Task brief: Every entry should be returned unchanged, with the pictures omitted.

Dataset excerpts:
--------------------------------------------------

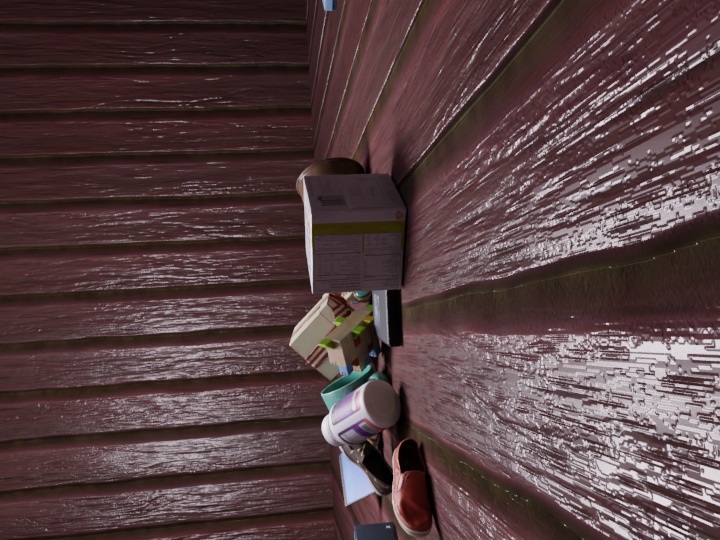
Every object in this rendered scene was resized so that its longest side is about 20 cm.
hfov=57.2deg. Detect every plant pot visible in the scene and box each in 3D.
[{"bbox_3d":[-0.063,-0.172,1.831,0.201,0.199,0.200,101,157,-60],"label":"plant pot"}]

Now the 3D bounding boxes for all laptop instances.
[{"bbox_3d":[-0.001,0.540,1.894,0.178,0.102,0.201,-102,12,-48],"label":"laptop"}]

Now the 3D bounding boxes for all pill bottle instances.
[{"bbox_3d":[-0.005,0.342,1.545,0.200,0.111,0.112,-40,47,42],"label":"pill bottle"}]

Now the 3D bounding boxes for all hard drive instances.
[{"bbox_3d":[0.059,0.097,1.556,0.200,0.033,0.141,-168,75,-82],"label":"hard drive"}]

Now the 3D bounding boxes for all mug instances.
[{"bbox_3d":[-0.006,0.330,1.687,0.115,0.151,0.185,62,164,-2],"label":"mug"}]

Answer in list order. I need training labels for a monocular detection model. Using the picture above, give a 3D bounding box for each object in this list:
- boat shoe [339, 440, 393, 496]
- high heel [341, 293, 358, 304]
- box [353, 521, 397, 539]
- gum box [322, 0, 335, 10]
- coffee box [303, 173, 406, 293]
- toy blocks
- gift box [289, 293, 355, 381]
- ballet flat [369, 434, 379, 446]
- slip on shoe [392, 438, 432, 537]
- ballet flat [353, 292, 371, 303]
[{"bbox_3d":[0.017,0.460,1.626,0.200,0.072,0.060,51,143,15],"label":"boat shoe"},{"bbox_3d":[-0.035,0.023,2.056,0.200,0.071,0.144,81,178,-80],"label":"high heel"},{"bbox_3d":[0.041,0.762,1.657,0.149,0.106,0.201,-105,15,-60],"label":"box"},{"bbox_3d":[-0.118,-1.066,2.393,0.201,0.044,0.171,-100,10,-45],"label":"gum box"},{"bbox_3d":[-0.019,-0.084,1.453,0.200,0.198,0.199,-106,14,-59],"label":"coffee box"},{"bbox_3d":[-0.016,0.195,1.683,0.200,0.099,0.138,-39,-54,-46],"label":"toy blocks"},{"bbox_3d":[-0.070,0.179,1.848,0.187,0.184,0.200,-47,14,9],"label":"gift box"},{"bbox_3d":[0.027,0.397,1.842,0.065,0.070,0.202,-33,55,47],"label":"ballet flat"},{"bbox_3d":[0.098,0.412,1.268,0.201,0.073,0.062,-95,10,-49],"label":"slip on shoe"},{"bbox_3d":[0.000,0.000,1.862,0.071,0.070,0.201,102,163,-62],"label":"ballet flat"}]
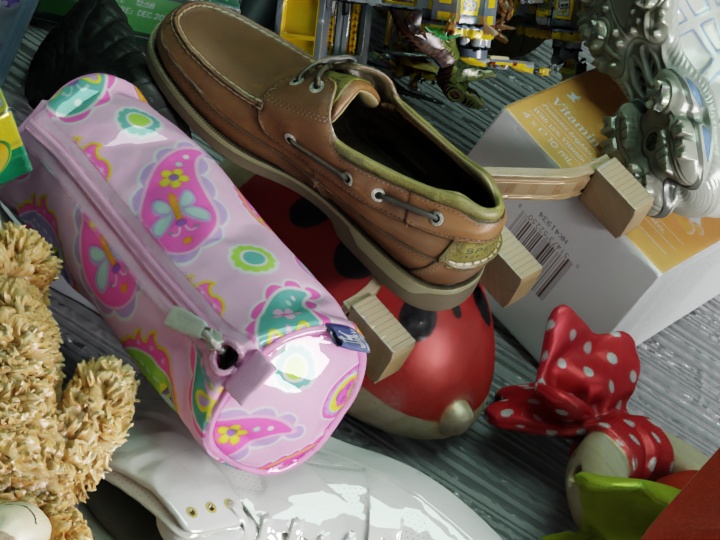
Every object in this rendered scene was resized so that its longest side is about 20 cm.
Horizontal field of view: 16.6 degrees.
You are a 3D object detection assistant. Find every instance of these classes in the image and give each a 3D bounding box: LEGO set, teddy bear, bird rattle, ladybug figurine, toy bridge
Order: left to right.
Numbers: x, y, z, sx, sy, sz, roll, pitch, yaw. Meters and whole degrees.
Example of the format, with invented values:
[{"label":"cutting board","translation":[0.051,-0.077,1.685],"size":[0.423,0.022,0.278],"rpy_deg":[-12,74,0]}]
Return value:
[{"label":"teddy bear","translation":[-0.157,0.061,0.997],"size":[0.144,0.067,0.201],"rpy_deg":[17,53,-19]},{"label":"ladybug figurine","translation":[0.000,0.000,1.232],"size":[0.135,0.072,0.200],"rpy_deg":[-12,53,-45]},{"label":"LEGO set","translation":[0.037,-0.113,1.332],"size":[0.153,0.117,0.200],"rpy_deg":[9,8,17]},{"label":"toy bridge","translation":[0.059,-0.015,1.194],"size":[0.200,0.027,0.067],"rpy_deg":[-30,69,-38]},{"label":"bird rattle","translation":[0.138,0.120,1.197],"size":[0.163,0.113,0.200],"rpy_deg":[31,19,-20]}]

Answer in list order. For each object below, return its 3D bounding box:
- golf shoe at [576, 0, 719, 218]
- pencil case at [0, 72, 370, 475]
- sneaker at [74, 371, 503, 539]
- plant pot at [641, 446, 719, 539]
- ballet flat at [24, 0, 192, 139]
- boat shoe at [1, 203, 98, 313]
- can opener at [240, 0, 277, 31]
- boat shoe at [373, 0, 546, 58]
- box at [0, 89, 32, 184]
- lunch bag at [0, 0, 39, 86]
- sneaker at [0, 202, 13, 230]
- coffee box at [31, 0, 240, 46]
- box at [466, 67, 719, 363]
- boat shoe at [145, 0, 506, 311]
[{"label":"golf shoe","translation":[0.174,-0.115,1.305],"size":[0.097,0.078,0.201],"rpy_deg":[11,63,-31]},{"label":"pencil case","translation":[-0.079,-0.001,1.067],"size":[0.087,0.088,0.200],"rpy_deg":[-5,41,-40]},{"label":"sneaker","translation":[-0.036,0.121,1.062],"size":[0.199,0.074,0.116],"rpy_deg":[28,36,11]},{"label":"plant pot","translation":[0.261,0.156,1.062],"size":[0.200,0.176,0.201],"rpy_deg":[-36,110,-54]},{"label":"ballet flat","translation":[-0.129,-0.091,1.239],"size":[0.057,0.067,0.200],"rpy_deg":[35,11,-24]},{"label":"boat shoe","translation":[-0.102,-0.009,1.171],"size":[0.200,0.066,0.070],"rpy_deg":[41,35,16]},{"label":"can opener","translation":[-0.046,-0.157,1.414],"size":[0.079,0.063,0.201],"rpy_deg":[46,38,-26]},{"label":"boat shoe","translation":[0.045,-0.184,1.476],"size":[0.200,0.073,0.065],"rpy_deg":[26,25,-51]},{"label":"box","translation":[-0.254,-0.054,1.067],"size":[0.199,0.048,0.118],"rpy_deg":[-22,53,-8]},{"label":"lunch bag","translation":[-0.202,-0.220,1.247],"size":[0.127,0.200,0.170],"rpy_deg":[9,39,-28]},{"label":"sneaker","translation":[-0.204,-0.034,1.133],"size":[0.080,0.074,0.201],"rpy_deg":[13,46,-31]},{"label":"coffee box","translation":[-0.146,-0.206,1.408],"size":[0.122,0.044,0.201],"rpy_deg":[11,38,-25]},{"label":"box","translation":[0.146,-0.037,1.358],"size":[0.124,0.098,0.200],"rpy_deg":[47,37,13]},{"label":"boat shoe","translation":[-0.012,-0.071,1.145],"size":[0.200,0.068,0.072],"rpy_deg":[38,48,10]}]
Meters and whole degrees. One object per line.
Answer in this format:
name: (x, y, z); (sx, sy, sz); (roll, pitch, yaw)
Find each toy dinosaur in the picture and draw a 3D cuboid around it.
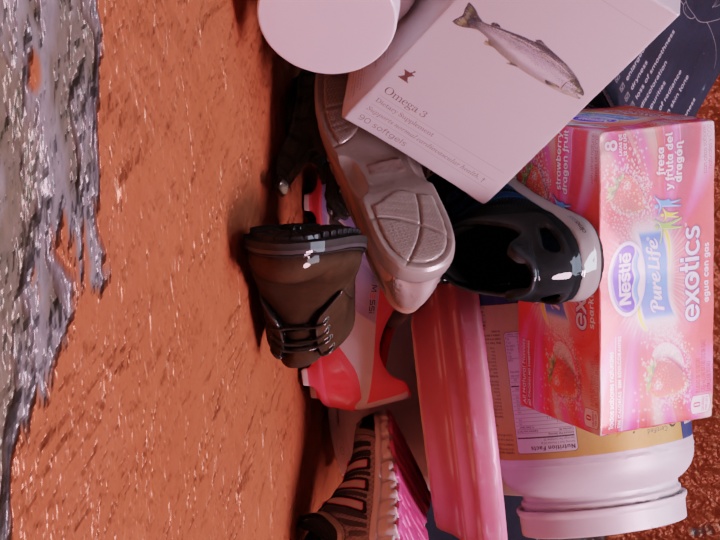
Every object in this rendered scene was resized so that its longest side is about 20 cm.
toy dinosaur: (-0.027, -0.081, 1.665); (0.201, 0.047, 0.088); (-77, 147, -51)

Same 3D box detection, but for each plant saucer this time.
plant saucer: (0.067, 0.101, 1.731); (0.201, 0.050, 0.202); (-6, 90, -88)

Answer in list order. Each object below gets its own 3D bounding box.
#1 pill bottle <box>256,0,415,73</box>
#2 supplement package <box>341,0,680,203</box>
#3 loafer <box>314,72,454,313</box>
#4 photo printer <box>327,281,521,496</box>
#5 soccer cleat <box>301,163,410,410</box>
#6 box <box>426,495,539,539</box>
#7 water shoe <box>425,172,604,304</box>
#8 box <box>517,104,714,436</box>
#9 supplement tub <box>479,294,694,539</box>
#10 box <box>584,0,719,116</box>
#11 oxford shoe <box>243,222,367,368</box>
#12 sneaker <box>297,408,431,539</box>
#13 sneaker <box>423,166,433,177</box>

--------------------------------------------------

Output of the task:
Every object in this rendered scene was resized so that its longest side is about 20 cm.
hfov=57.2deg. Detect every plant pot visible in the scene and box each in 3D.
[{"bbox_3d":[-0.063,-0.172,1.831,0.201,0.199,0.200,101,157,-60],"label":"plant pot"}]

Now the 3D bounding boxes for all laptop instances.
[{"bbox_3d":[-0.001,0.540,1.894,0.178,0.102,0.201,-102,12,-48],"label":"laptop"}]

Now the 3D bounding boxes for all pill bottle instances.
[{"bbox_3d":[-0.005,0.342,1.545,0.200,0.111,0.112,-40,47,42],"label":"pill bottle"}]

Now the 3D bounding boxes for all hard drive instances.
[{"bbox_3d":[0.059,0.097,1.556,0.200,0.033,0.141,-168,75,-82],"label":"hard drive"}]

Now the 3D bounding boxes for all mug instances.
[{"bbox_3d":[-0.006,0.330,1.687,0.115,0.151,0.185,62,164,-2],"label":"mug"}]

Answer in list order. I need training labels for a monocular detection model. Using the picture above, give a 3D bounding box for each object in this list:
- boat shoe [339, 440, 393, 496]
- high heel [341, 293, 358, 304]
- box [353, 521, 397, 539]
- gum box [322, 0, 335, 10]
- coffee box [303, 173, 406, 293]
- toy blocks
- gift box [289, 293, 355, 381]
- ballet flat [369, 434, 379, 446]
- slip on shoe [392, 438, 432, 537]
- ballet flat [353, 292, 371, 303]
[{"bbox_3d":[0.017,0.460,1.626,0.200,0.072,0.060,51,143,15],"label":"boat shoe"},{"bbox_3d":[-0.035,0.023,2.056,0.200,0.071,0.144,81,178,-80],"label":"high heel"},{"bbox_3d":[0.041,0.762,1.657,0.149,0.106,0.201,-105,15,-60],"label":"box"},{"bbox_3d":[-0.118,-1.066,2.393,0.201,0.044,0.171,-100,10,-45],"label":"gum box"},{"bbox_3d":[-0.019,-0.084,1.453,0.200,0.198,0.199,-106,14,-59],"label":"coffee box"},{"bbox_3d":[-0.016,0.195,1.683,0.200,0.099,0.138,-39,-54,-46],"label":"toy blocks"},{"bbox_3d":[-0.070,0.179,1.848,0.187,0.184,0.200,-47,14,9],"label":"gift box"},{"bbox_3d":[0.027,0.397,1.842,0.065,0.070,0.202,-33,55,47],"label":"ballet flat"},{"bbox_3d":[0.098,0.412,1.268,0.201,0.073,0.062,-95,10,-49],"label":"slip on shoe"},{"bbox_3d":[0.000,0.000,1.862,0.071,0.070,0.201,102,163,-62],"label":"ballet flat"}]
Every object in this rendered scene was resized so that its longest side is about 20 cm.
Horizontal field of view: 16.6 degrees.
You are a 3D object detection assistant. Find every instance of these classes in the image and give each a 3D bounding box: LEGO set, teddy bear, bird rattle, ladybug figurine, toy bridge
Order: left to right.
Numbers: x, y, z, sx, sy, sz, roll, pitch, yaw. Meters and whole degrees.
Example of the format, with invented values:
[{"label":"cutting board","translation":[0.051,-0.077,1.685],"size":[0.423,0.022,0.278],"rpy_deg":[-12,74,0]}]
Return value:
[{"label":"teddy bear","translation":[-0.157,0.061,0.997],"size":[0.144,0.067,0.201],"rpy_deg":[17,53,-19]},{"label":"ladybug figurine","translation":[0.000,0.000,1.232],"size":[0.135,0.072,0.200],"rpy_deg":[-12,53,-45]},{"label":"LEGO set","translation":[0.037,-0.113,1.332],"size":[0.153,0.117,0.200],"rpy_deg":[9,8,17]},{"label":"toy bridge","translation":[0.059,-0.015,1.194],"size":[0.200,0.027,0.067],"rpy_deg":[-30,69,-38]},{"label":"bird rattle","translation":[0.138,0.120,1.197],"size":[0.163,0.113,0.200],"rpy_deg":[31,19,-20]}]

Answer in list order. For each object below, return its 3D bounding box:
- golf shoe at [576, 0, 719, 218]
- pencil case at [0, 72, 370, 475]
- sneaker at [74, 371, 503, 539]
- plant pot at [641, 446, 719, 539]
- ballet flat at [24, 0, 192, 139]
- boat shoe at [1, 203, 98, 313]
- can opener at [240, 0, 277, 31]
- boat shoe at [373, 0, 546, 58]
- box at [0, 89, 32, 184]
- lunch bag at [0, 0, 39, 86]
- sneaker at [0, 202, 13, 230]
- coffee box at [31, 0, 240, 46]
- box at [466, 67, 719, 363]
- boat shoe at [145, 0, 506, 311]
[{"label":"golf shoe","translation":[0.174,-0.115,1.305],"size":[0.097,0.078,0.201],"rpy_deg":[11,63,-31]},{"label":"pencil case","translation":[-0.079,-0.001,1.067],"size":[0.087,0.088,0.200],"rpy_deg":[-5,41,-40]},{"label":"sneaker","translation":[-0.036,0.121,1.062],"size":[0.199,0.074,0.116],"rpy_deg":[28,36,11]},{"label":"plant pot","translation":[0.261,0.156,1.062],"size":[0.200,0.176,0.201],"rpy_deg":[-36,110,-54]},{"label":"ballet flat","translation":[-0.129,-0.091,1.239],"size":[0.057,0.067,0.200],"rpy_deg":[35,11,-24]},{"label":"boat shoe","translation":[-0.102,-0.009,1.171],"size":[0.200,0.066,0.070],"rpy_deg":[41,35,16]},{"label":"can opener","translation":[-0.046,-0.157,1.414],"size":[0.079,0.063,0.201],"rpy_deg":[46,38,-26]},{"label":"boat shoe","translation":[0.045,-0.184,1.476],"size":[0.200,0.073,0.065],"rpy_deg":[26,25,-51]},{"label":"box","translation":[-0.254,-0.054,1.067],"size":[0.199,0.048,0.118],"rpy_deg":[-22,53,-8]},{"label":"lunch bag","translation":[-0.202,-0.220,1.247],"size":[0.127,0.200,0.170],"rpy_deg":[9,39,-28]},{"label":"sneaker","translation":[-0.204,-0.034,1.133],"size":[0.080,0.074,0.201],"rpy_deg":[13,46,-31]},{"label":"coffee box","translation":[-0.146,-0.206,1.408],"size":[0.122,0.044,0.201],"rpy_deg":[11,38,-25]},{"label":"box","translation":[0.146,-0.037,1.358],"size":[0.124,0.098,0.200],"rpy_deg":[47,37,13]},{"label":"boat shoe","translation":[-0.012,-0.071,1.145],"size":[0.200,0.068,0.072],"rpy_deg":[38,48,10]}]
Meters and whole degrees. One object per line.
Answer in this format:
name: (x, y, z); (sx, sy, sz); (roll, pitch, yaw)
Find each toy dinosaur in the picture and draw a 3D cuboid around it.
Every object in this rendered scene was resized so that its longest side is about 20 cm.
toy dinosaur: (-0.027, -0.081, 1.665); (0.201, 0.047, 0.088); (-77, 147, -51)

Same 3D box detection, but for each plant saucer this time.
plant saucer: (0.067, 0.101, 1.731); (0.201, 0.050, 0.202); (-6, 90, -88)

Answer in list order. Each object below gets its own 3D bounding box.
#1 pill bottle <box>256,0,415,73</box>
#2 supplement package <box>341,0,680,203</box>
#3 loafer <box>314,72,454,313</box>
#4 photo printer <box>327,281,521,496</box>
#5 soccer cleat <box>301,163,410,410</box>
#6 box <box>426,495,539,539</box>
#7 water shoe <box>425,172,604,304</box>
#8 box <box>517,104,714,436</box>
#9 supplement tub <box>479,294,694,539</box>
#10 box <box>584,0,719,116</box>
#11 oxford shoe <box>243,222,367,368</box>
#12 sneaker <box>297,408,431,539</box>
#13 sneaker <box>423,166,433,177</box>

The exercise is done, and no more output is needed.